■ Your objective
Could you please retype exactly the lines from the start of the records below through the line that contains "for(int i = 1;", both included, and leave out the pictures?
::::
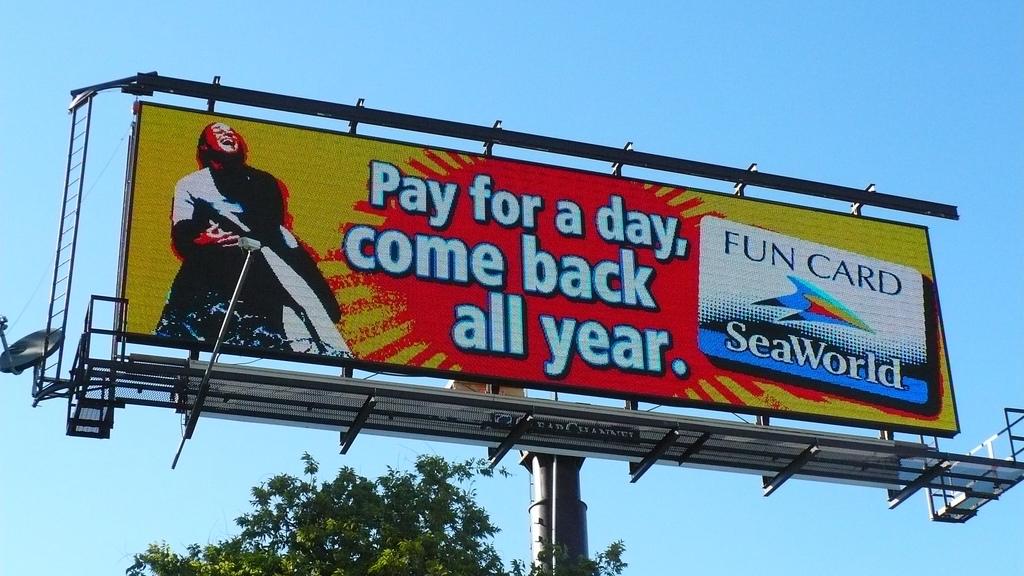What amusement park is being advertised?
Your answer should be very brief. Seaworld. What kind of card can you get?
Give a very brief answer. Fun card. 
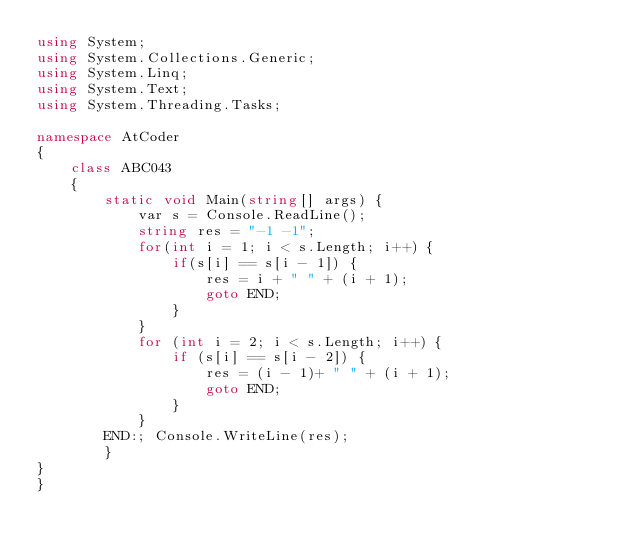<code> <loc_0><loc_0><loc_500><loc_500><_C#_>using System;
using System.Collections.Generic;
using System.Linq;
using System.Text;
using System.Threading.Tasks;

namespace AtCoder
{
    class ABC043
    {
        static void Main(string[] args) {
            var s = Console.ReadLine();
            string res = "-1 -1";
            for(int i = 1; i < s.Length; i++) {
                if(s[i] == s[i - 1]) {
                    res = i + " " + (i + 1);
                    goto END;
                }
            }
            for (int i = 2; i < s.Length; i++) {
                if (s[i] == s[i - 2]) {
                    res = (i - 1)+ " " + (i + 1);
                    goto END;
                }
            }
        END:; Console.WriteLine(res);
        }
}
}</code> 
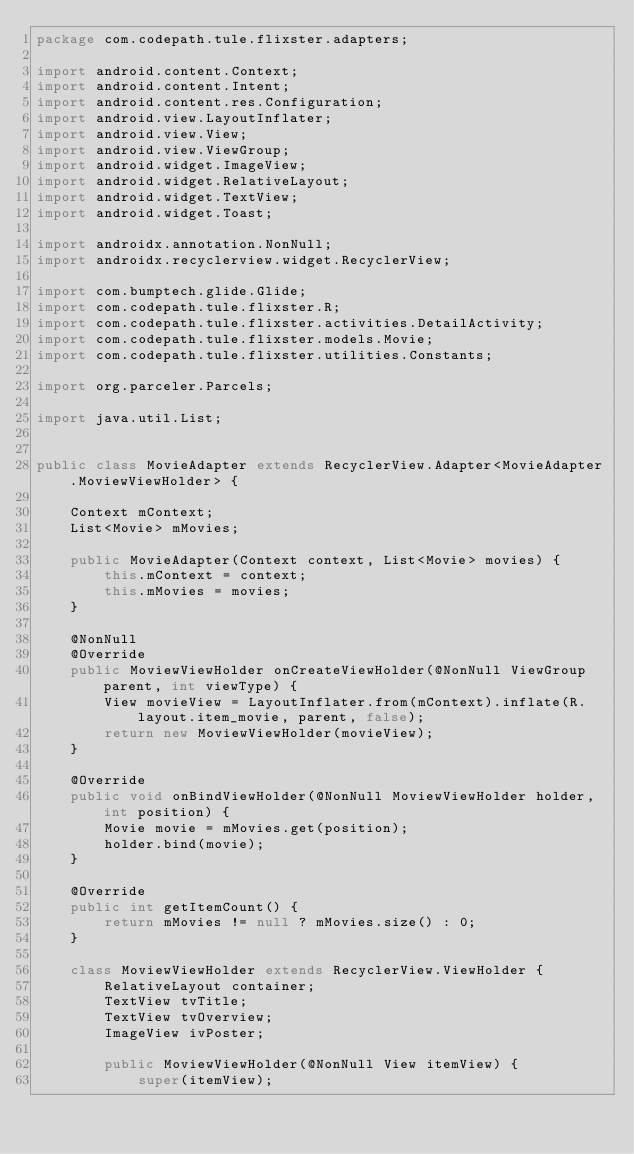Convert code to text. <code><loc_0><loc_0><loc_500><loc_500><_Java_>package com.codepath.tule.flixster.adapters;

import android.content.Context;
import android.content.Intent;
import android.content.res.Configuration;
import android.view.LayoutInflater;
import android.view.View;
import android.view.ViewGroup;
import android.widget.ImageView;
import android.widget.RelativeLayout;
import android.widget.TextView;
import android.widget.Toast;

import androidx.annotation.NonNull;
import androidx.recyclerview.widget.RecyclerView;

import com.bumptech.glide.Glide;
import com.codepath.tule.flixster.R;
import com.codepath.tule.flixster.activities.DetailActivity;
import com.codepath.tule.flixster.models.Movie;
import com.codepath.tule.flixster.utilities.Constants;

import org.parceler.Parcels;

import java.util.List;


public class MovieAdapter extends RecyclerView.Adapter<MovieAdapter.MoviewViewHolder> {

    Context mContext;
    List<Movie> mMovies;

    public MovieAdapter(Context context, List<Movie> movies) {
        this.mContext = context;
        this.mMovies = movies;
    }

    @NonNull
    @Override
    public MoviewViewHolder onCreateViewHolder(@NonNull ViewGroup parent, int viewType) {
        View movieView = LayoutInflater.from(mContext).inflate(R.layout.item_movie, parent, false);
        return new MoviewViewHolder(movieView);
    }

    @Override
    public void onBindViewHolder(@NonNull MoviewViewHolder holder, int position) {
        Movie movie = mMovies.get(position);
        holder.bind(movie);
    }

    @Override
    public int getItemCount() {
        return mMovies != null ? mMovies.size() : 0;
    }

    class MoviewViewHolder extends RecyclerView.ViewHolder {
        RelativeLayout container;
        TextView tvTitle;
        TextView tvOverview;
        ImageView ivPoster;

        public MoviewViewHolder(@NonNull View itemView) {
            super(itemView);</code> 
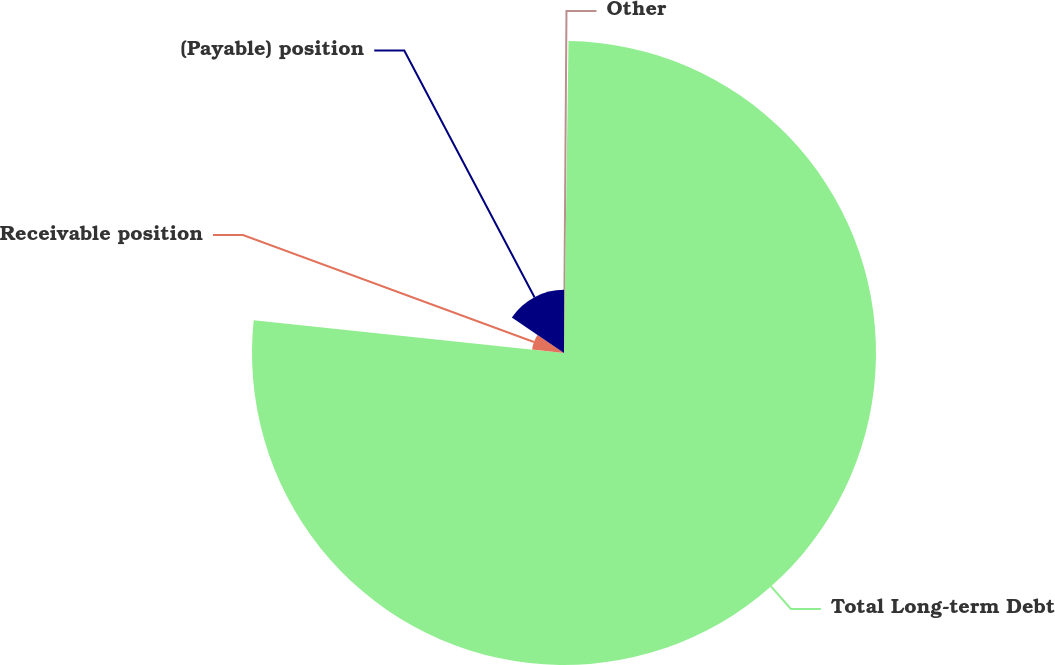Convert chart. <chart><loc_0><loc_0><loc_500><loc_500><pie_chart><fcel>Other<fcel>Total Long-term Debt<fcel>Receivable position<fcel>(Payable) position<nl><fcel>0.23%<fcel>76.45%<fcel>7.85%<fcel>15.47%<nl></chart>
::::
■ Solution to this problem
What amusement park is being advertised?
Your answer should be very brief. Seaworld. What kind of card can you get?
Give a very brief answer. Fun card. 
<code> <loc_0><loc_0><loc_500><loc_500><_C#_>using System;
using System.Collections.Generic;
using System.Linq;
using System.Text;
using System.Threading.Tasks;

namespace AtCoder
{
    class ABC043
    {
        static void Main(string[] args) {
            var s = Console.ReadLine();
            string res = "-1 -1";
            for(int i = 1; i < s.Length; i++) {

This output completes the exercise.